Он пошёл по коридору, сам не зная куда. Ноги несли его мимо процедурных, мимо палат, мимо ординаторской, мимо сестринского поста. Он прошёл через всё отделение и оказался в дальнем крыле, где располагались палаты для пациентов с тяжёлыми формами кататонии — тех, кто застывал на недели и месяцы, превращаясь в живые статуи. Здесь было тише, чем в остальной больнице, — особенная, ватная тишина, пропитанная страданием и ожиданием. Илья проходил мимо закрытых дверей, читая таблички с фамилиями — Круглова, Звягин, Лапин, Мальцева, Савельев, Швец, Гольдберг, — и вдруг остановился как вкопанный.

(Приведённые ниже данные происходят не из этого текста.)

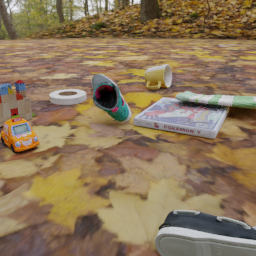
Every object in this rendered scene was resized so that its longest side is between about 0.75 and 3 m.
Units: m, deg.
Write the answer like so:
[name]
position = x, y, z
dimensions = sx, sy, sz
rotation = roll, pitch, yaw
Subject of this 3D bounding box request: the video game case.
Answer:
[video game case]
position = 1.894, -0.455, 9.391
dimensions = 2.524, 0.318, 2.770
rotation = 10, 24, 24

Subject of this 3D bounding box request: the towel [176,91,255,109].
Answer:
[towel]
position = 3.437, -1.056, 10.226
dimensions = 2.991, 0.350, 2.281
rotation = 9, 12, 19

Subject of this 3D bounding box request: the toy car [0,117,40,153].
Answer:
[toy car]
position = -3.555, 0.222, 7.037
dimensions = 2.420, 0.805, 1.187
rotation = -10, 23, -24

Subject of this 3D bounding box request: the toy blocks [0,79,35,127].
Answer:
[toy blocks]
position = -3.842, -0.795, 8.817
dimensions = 0.951, 1.301, 1.904
rotation = 17, 25, 39

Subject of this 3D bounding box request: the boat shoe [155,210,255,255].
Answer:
[boat shoe]
position = 1.450, 1.539, 3.726
dimensions = 2.131, 0.806, 0.643
rotation = 10, 30, 21

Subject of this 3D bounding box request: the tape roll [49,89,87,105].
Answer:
[tape roll]
position = -2.466, -1.298, 11.570
dimensions = 1.531, 0.280, 1.531
rotation = -1, 22, 0

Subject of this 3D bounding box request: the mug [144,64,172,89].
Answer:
[mug]
position = 1.371, -2.486, 13.589
dimensions = 1.129, 1.101, 1.375
rotation = 3, 14, 29

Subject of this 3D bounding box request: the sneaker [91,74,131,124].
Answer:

Семь фамилий. Семь палат. Семь пациентов. Их семеро. Они уже здесь.
Он стоял в пустом коридоре дальнего крыла, и сердце колотилось где-то в горле, и воздух пах озоном — тем самым озоном, который преследовал его с момента пробуждения. Семь палат, расположенных в ряд, как семь нот, как семь дней недели, как семь печатей на книге, которую ещё предстояло открыть. Он не знал этих пациентов. Не помнил, чтобы их принимали. Но вчера вечером он, или тот, кто был в его теле, подписывал какие-то документы — и теперь он был почти уверен, что эти документы касались именно их. Семерых. Тех, кто «уже здесь».
Илья подошёл к первой двери — Круглова Анна, сорок пять лет, — и взялся за ручку. Рука дрогнула. За этой дверью могло быть что угодно. Разгадка. Безумие. Истина. Ложь. Начало «после». Он глубоко вдохнул, вспомнил слова из записи — «когда увидишь, не отводи глаз» — и открыл дверь.
За дверью была обычная больничная палата: койка, тумбочка, капельница, окно с видом на внутренний двор. На койке лежала женщина с открытыми глазами — неподвижная, застывшая, как изваяние. Её глаза смотрели в потолок, но смотрели так пристально, с такой интенсивностью, будто она видела там нечто, скрытое от остальных. Илья подошёл ближе, вгляделся в её лицо, и его пронзило острое, ледяное узнавание. Он знал её. Нет, он не встречал её раньше — он не помнил этого лица. Но что-то в её выражении, в изгибе бровей, в полуулыбке, застывшей на губах, было ему мучительно, до слёз знакомо. Как будто он видел её во сне. Как будто она была частью его собственной памяти — той памяти, которую у него отняли или которую он сам стёр.
Он вышел из палаты, закрыл дверь и прислонился к стене. Дыхание перехватило. В голове билась одна мысль: это только начало. Семеро. Они ждали его. Они ждали его, возможно, всю свою жизнь — и всю его жизнь тоже. И сейчас, во вторник, который оказался ложью, начался новый отсчёт.
Отсчёт «после». Он сунул руку в карман, нащупал телефон, и в этот момент почувствовал, как в груди, где-то глубоко, под сердцем, открывается странное, незнакомое чувство. Как будто там, внутри, была дверь, о существовании которой он не подозревал, и сейчас она медленно, со скрипом, начинала открываться. За ней была тьма — но не пустая, не страшная, а наполненная, тёплая, живая. Тьма, полная воспоминаний. Тьма, которая ждала его. Тьма, которая помнила всё — и теперь готова была отдать это ему.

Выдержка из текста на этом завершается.